Ok so I got through my 5 weeks of teaching prac pretty much unscarred. But thats not the best thing.

I really enjoyed being on prac too, some days i really looked forward to going. i loved getting to know the kids, i really cared about them and wanted them to succeed. i tried my hardest to be the best teacher i could be and i am proud of what i have accomplished. being proud of myself is something i really struggle with so the fact i can even say im proud is a huge step.

I tried my hardest to interact with the staff at my school and found they really accepted me for who i was. 
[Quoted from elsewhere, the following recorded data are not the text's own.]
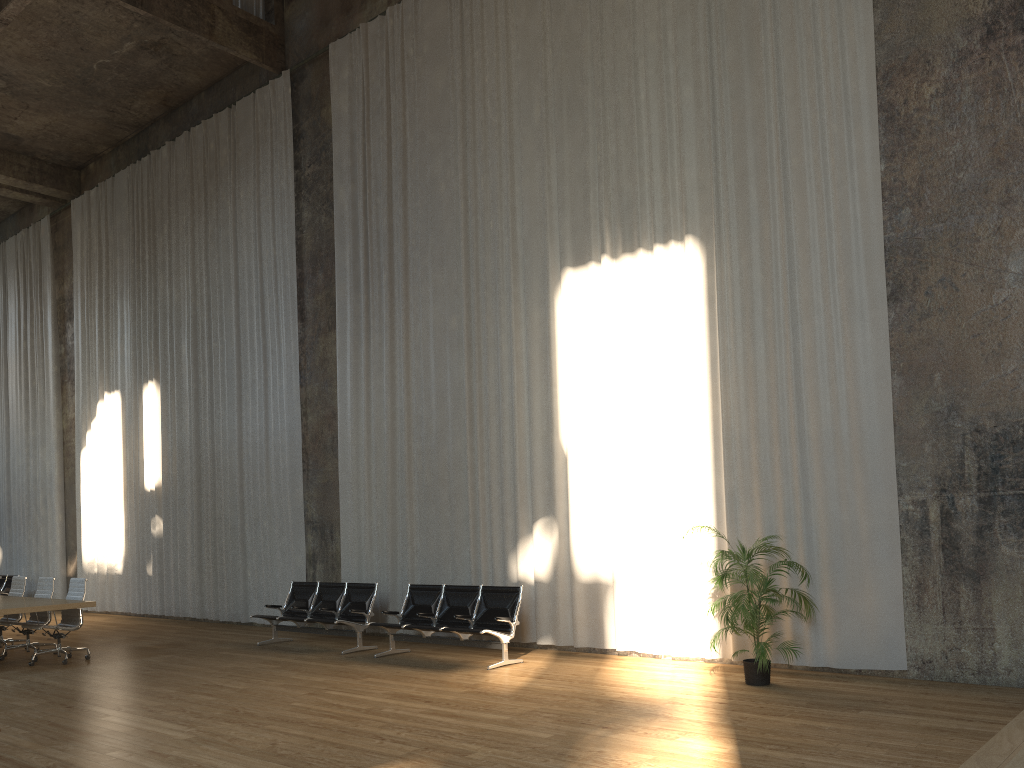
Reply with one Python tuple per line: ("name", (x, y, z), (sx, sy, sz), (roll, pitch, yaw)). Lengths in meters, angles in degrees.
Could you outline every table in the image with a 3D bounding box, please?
("table", (-8.418, 3.402, 12.381), (7.757, 0.753, 1.609), (-10, -11, 40))

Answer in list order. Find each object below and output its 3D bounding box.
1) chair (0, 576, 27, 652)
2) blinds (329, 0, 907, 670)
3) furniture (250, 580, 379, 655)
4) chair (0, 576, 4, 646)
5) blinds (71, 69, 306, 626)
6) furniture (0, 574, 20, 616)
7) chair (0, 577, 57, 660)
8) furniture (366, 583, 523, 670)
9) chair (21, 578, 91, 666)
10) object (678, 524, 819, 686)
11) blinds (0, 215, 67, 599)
("chair", (-7.062, 3.181, 12.103), (0.700, 1.018, 0.670), (2, -6, -44))
("blinds", (0.348, -1.227, 10.388), (7.874, 8.587, 0.275), (-6, -4, 41))
("furniture", (-2.605, 3.022, 11.490), (1.882, 0.836, 0.711), (-9, -8, 40))
("chair", (-7.750, 3.299, 12.681), (0.700, 1.018, 0.670), (2, -5, -41))
("blinds", (-6.249, -0.090, 15.968), (7.874, 8.587, 0.275), (-6, -4, 41))
("furniture", (-11.207, 4.492, 18.693), (1.882, 0.836, 0.711), (-9, -8, 40))
("chair", (-6.360, 3.060, 11.512), (0.669, 1.018, 0.700), (-6, -6, 43))
("furniture", (-0.783, 2.708, 9.948), (1.882, 0.836, 0.711), (-9, -8, 40))
("chair", (-7.517, 2.655, 8.770), (31.677, 1.023, 13.018), (-10, -12, 40))
("object", (2.130, 1.979, 7.954), (1.133, 1.446, 1.097), (-5, -5, 31))
("blinds", (-12.866, 1.050, 21.565), (7.871, 8.588, 0.275), (-6, -4, 39))
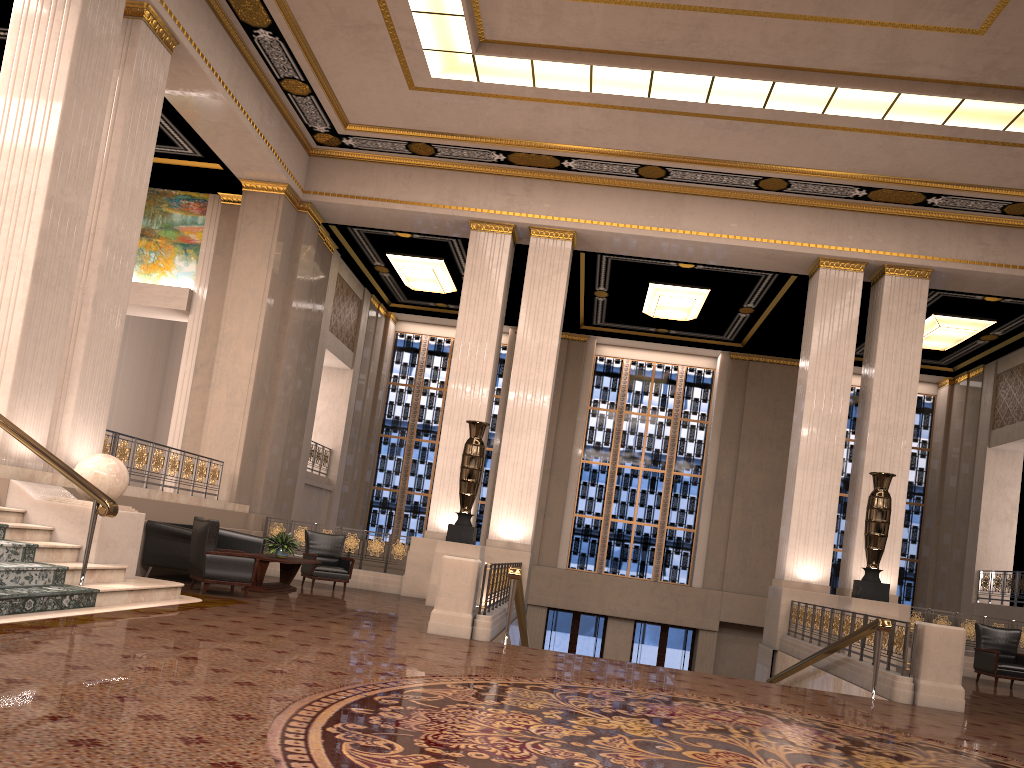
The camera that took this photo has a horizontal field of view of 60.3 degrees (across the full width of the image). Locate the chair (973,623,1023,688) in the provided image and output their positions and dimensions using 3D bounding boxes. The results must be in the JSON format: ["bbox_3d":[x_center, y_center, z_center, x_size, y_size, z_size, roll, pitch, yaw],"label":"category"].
[{"bbox_3d":[7.010,3.879,12.512,0.647,0.836,0.726,8,-7,0],"label":"chair"}]

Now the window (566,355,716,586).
[{"bbox_3d":[3.175,2.084,21.623,2.983,5.312,0.070,7,-4,5],"label":"window"}]

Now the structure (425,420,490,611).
[{"bbox_3d":[-0.692,1.945,13.149,0.699,2.764,0.707,8,-5,5],"label":"structure"}]

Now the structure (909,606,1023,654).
[{"bbox_3d":[7.393,3.960,13.774,2.531,0.649,0.032,7,-4,5],"label":"structure"}]

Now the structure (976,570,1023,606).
[{"bbox_3d":[9.611,3.984,17.227,0.031,0.660,2.188,8,-10,6],"label":"structure"}]

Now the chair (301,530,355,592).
[{"bbox_3d":[-2.802,2.676,13.361,0.654,0.836,0.719,12,-8,-29],"label":"chair"}]

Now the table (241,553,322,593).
[{"bbox_3d":[-3.173,2.511,11.694,0.837,0.431,1.497,7,-10,6],"label":"table"}]

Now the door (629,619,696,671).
[{"bbox_3d":[3.434,6.963,20.706,1.489,2.700,0.157,7,-4,5],"label":"door"}]

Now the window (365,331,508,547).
[{"bbox_3d":[-1.866,1.467,22.061,2.983,5.312,0.070,7,-4,5],"label":"window"}]

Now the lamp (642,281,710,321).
[{"bbox_3d":[3.325,-1.642,18.075,1.166,0.212,2.047,7,-11,5],"label":"lamp"}]

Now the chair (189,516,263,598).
[{"bbox_3d":[-3.327,1.990,10.124,0.725,0.836,0.648,13,-8,-34],"label":"chair"}]

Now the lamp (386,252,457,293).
[{"bbox_3d":[-1.870,-2.278,18.526,1.166,0.212,2.047,7,-11,5],"label":"lamp"}]

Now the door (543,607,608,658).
[{"bbox_3d":[1.371,6.710,20.886,1.489,2.700,0.157,7,-4,5],"label":"door"}]

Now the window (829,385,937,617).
[{"bbox_3d":[8.389,2.723,21.170,2.983,5.312,0.070,7,-4,5],"label":"window"}]

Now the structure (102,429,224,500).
[{"bbox_3d":[-4.718,1.159,11.999,0.032,0.617,3.750,8,-10,6],"label":"structure"}]

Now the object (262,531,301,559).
[{"bbox_3d":[-3.027,2.101,11.601,0.501,0.372,0.533,1,-11,37],"label":"object"}]

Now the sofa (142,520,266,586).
[{"bbox_3d":[-4.062,2.270,11.786,0.874,0.699,1.951,7,-10,6],"label":"sofa"}]

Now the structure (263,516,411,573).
[{"bbox_3d":[-2.922,2.697,14.670,2.531,0.649,0.032,7,-4,5],"label":"structure"}]

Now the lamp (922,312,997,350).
[{"bbox_3d":[8.610,-0.995,17.616,1.166,0.212,2.047,7,-11,5],"label":"lamp"}]

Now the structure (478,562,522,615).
[{"bbox_3d":[-0.070,2.606,11.522,0.079,0.531,5.012,7,-11,6],"label":"structure"}]

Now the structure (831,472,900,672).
[{"bbox_3d":[5.164,2.662,12.640,0.699,2.764,0.707,8,-5,5],"label":"structure"}]

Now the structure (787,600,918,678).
[{"bbox_3d":[4.111,3.118,11.159,0.079,0.530,5.010,8,-11,5],"label":"structure"}]

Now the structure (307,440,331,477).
[{"bbox_3d":[-4.152,1.557,18.487,0.031,0.660,2.188,8,-10,6],"label":"structure"}]

But all of this still isnt the best thing. the best thing is that during my last three pracs i have at some stage told the teacher i was with about my SA and almost used it as an excuse for why i wasnt good at certain things. this year however, ive finished prac and no one at the school knows anything about my SA. i didnt have to use it as an excuse. i did it and i can do it again


----------



## Xothandir (Jan 23, 2005)

That's awesome! Well done! :banana :banana


----------



## Andy AM (Feb 12, 2004)

You kick butt Casey!!! Ohh wait, that's a bad example for teaching kids.

You rock Casey!!! Ooohhh, wait, another bad example.

mmmm, whatever... you rule Casey!!!


----------



## leilanistar (Jul 6, 2004)

> i loved getting to know the kids, i really cared about them and wanted them to succeed.


Right on, Caseybug! Thatis what being a _proud_, *excellent* teacher is all about! (from one teacher to another). :banana

Star :hug


----------



## Ll (Jun 14, 2005)

Caseybug, that is really awesome! Give yourself a pat on the back!


----------



## doobashooba (Jul 11, 2008)

thats great :banana


----------